We mentioned the other day that it’s been five years since the tragic Black Friday trampling death of a Walmart employee. In the years since, Walmart has spent millions of dollars trying to avoid the meager $7,000 fine from OSHA, and still has yet to pay it.
Back in 2010, the company said it was fighting the $7,000 penalty because it felt that an employee being trampled by a crowd of shoppers at an annual sales event heavily marketed and advertised by your company doesn’t count as an occupational hazard and that assessing the fine “has far-reaching implications for the retail industry that could subject retailers to unfairly harsh penalties and restrictions on future sales promotions.”
The case is currently stuck in appeal, and one former OSHA analyst tells Huffington Post that this is a case of Walmart flexing its muscles to prove it’s the biggest bruiser in the room.
“It’s not about the penalty,” said the former OSHA staffer. “It’s this interest in seeing how far Walmart can push back against the decision.”
Walmart says it has made changes to its crowd management strategies for Black Friday — such as actually trying to manage crowds, rather than let them pile up against the front door because that looks awesome on the news reports the next day.
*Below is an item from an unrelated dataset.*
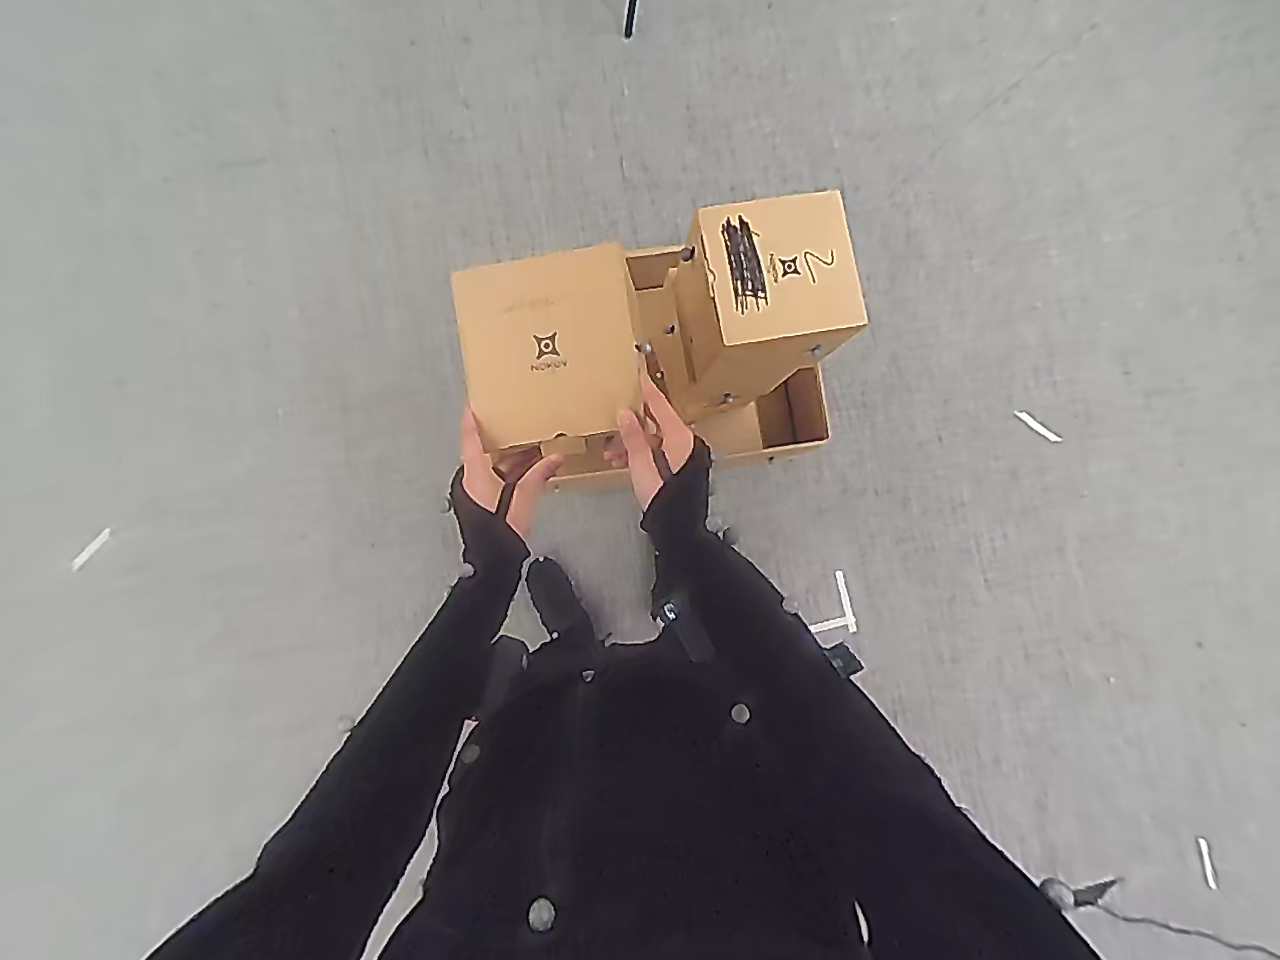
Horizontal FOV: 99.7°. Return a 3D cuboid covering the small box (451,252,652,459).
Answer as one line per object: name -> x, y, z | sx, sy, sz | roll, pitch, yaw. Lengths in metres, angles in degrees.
small box -> -0.081, -0.122, 0.588 | 0.168, 0.176, 0.179 | -8, 94, 5

But just because you put measures in place after the fact doesn’t mean you shouldn’t have to pay for the initial fine.
OSHA said that Walmart failed to provide adequate training for employees on how to best handle the thousands of shoppers waiting to get into the store for the pre-dawn opening time on Black Friday 2008. The worker who was killed in the stampede had been hired through a temp agency only a week earlier. The agency claims that while this sort of tragedy was unusual, it was certainly a possibility that Walmart should have been aware of after years of Black Friday sales.
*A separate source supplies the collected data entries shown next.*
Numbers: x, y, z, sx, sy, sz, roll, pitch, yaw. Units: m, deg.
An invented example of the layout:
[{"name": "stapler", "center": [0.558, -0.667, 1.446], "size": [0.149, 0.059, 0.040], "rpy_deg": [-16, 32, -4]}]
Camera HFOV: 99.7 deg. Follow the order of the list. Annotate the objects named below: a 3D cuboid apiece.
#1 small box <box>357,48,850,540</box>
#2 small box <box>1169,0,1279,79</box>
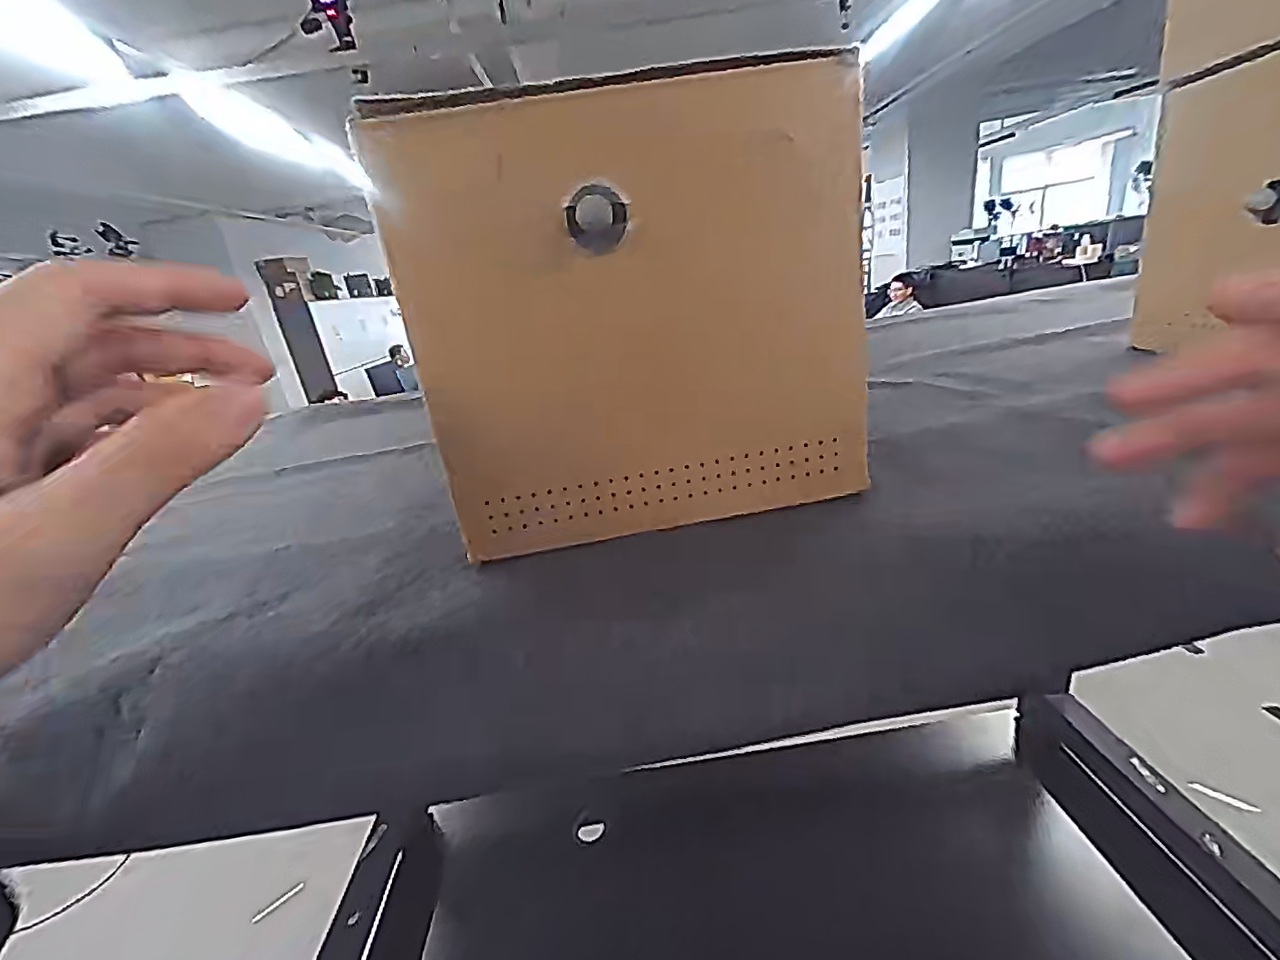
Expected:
[{"name": "small box", "center": [-0.007, -0.081, 0.284], "size": [0.179, 0.176, 0.168], "rpy_deg": [-10, 19, -3]}, {"name": "small box", "center": [0.392, -0.308, 0.233], "size": [0.168, 0.176, 0.179], "rpy_deg": [-9, 20, 4]}]

Even though the fine — the largest OSHA can issue in such a case without proving that the safety violation was willful — has been upheld by an administrative law judge, Walmart appealed that ruling to the Occupational Safety and Health Review Commission, an independent group set up to rule on challenges to OSHA penalties and citations.
That was in 2011. There has been no noteworthy movement since.
“It can take 10 years,” one lawyer tells HuffPo. “The average length it takes to complete a case is obscenely long. And the longer [Walmart] appeals this case, the longer they get a pass.”
A rep for the OSHRC says the Walmart case is not on the 2013 docket, and so won’t be decided until next year at the earliest.